The lanostane-type triterpenoids isolated from G. lucidum can be categorized as Ganoderma alcohols because of the hydroxyl group on the lanostane part or as Ganoderma acids because of the carboxyl group on the side chain. Triterpenoids can be extracted from Ganoderma with organic solvents or aqueous solutions. Pure triterpenoids are obtained with organic solvents, while aqueous mixtures yield triterpenoids that may also contain polysaccharides. Various methods are used to extract triterpenoids, such as microwave extraction, ultrasonic extraction, Soxhlet extraction, solvent extraction at elevated temperature etc. (Chen et al., 2007; Taofiq et al., 2017; Oludemi et al., 2018). The aim is to break the cell walls and gain access to the pharmacological active ingredients. However, extraction with hazardous organic solvents is harmful. For this reason, there is a growing trend toward the use of environmentally friendly technologies that avoid the use of hazardous organic solvents. One such technology is supercritical extraction. Dat et al. (2022) used supercritical CO2 to extract triterpenoids from Ganoderma. They demonstrated the cytotoxic effect of G. lucidum extract on cancer cells kb, HepG2, Lu, and MCF7 which indicate the potential of G. lucidum extract as an anticancer agent.
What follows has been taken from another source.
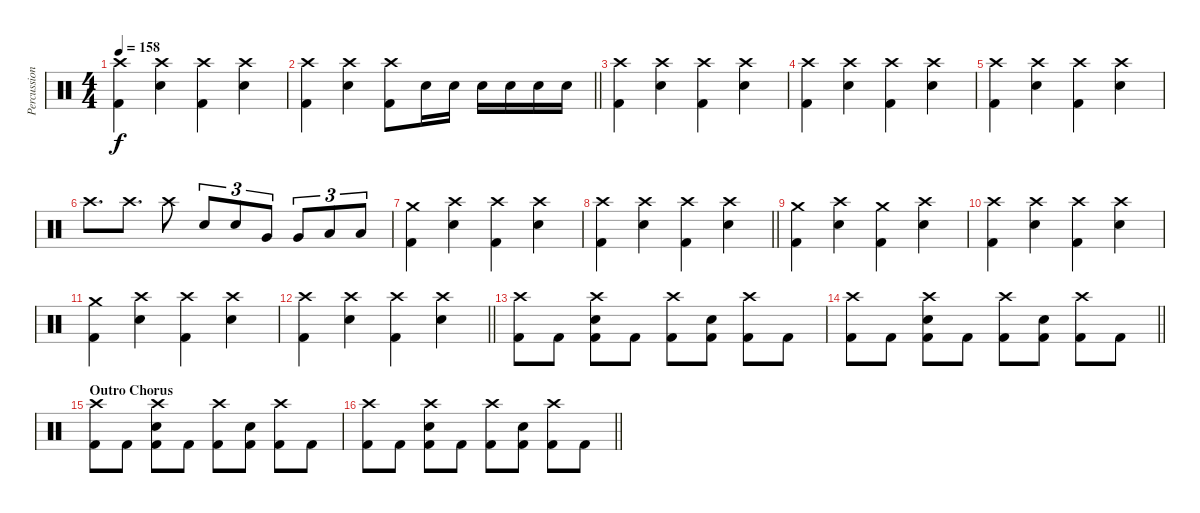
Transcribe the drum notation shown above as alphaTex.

Extensive laboratory and preclinical studies show that several purified triterpenes or triterpene-containing extracts of G. lucidum have a direct anticancer effect. For this reason, it is very important what technique is used, and in particular, what type of solvent is used to obtain a particular component. Therefore, it is necessary to consider the extraction of triterpenoids by more environmentally friendly extraction methods. Therefore, SC-CO2 extraction could be considered as an alternative and important method for the production of high quality compounds. Analytical methods for the characterisation and quantification of triterpenoids include: gas chromatography, liquid chromatography, thin-layer chromatography, supercritical fluid chromatography, NMR spectroscopy, capillary electrophoresis, and X-ray spectroscopy (Xu et al., 2018).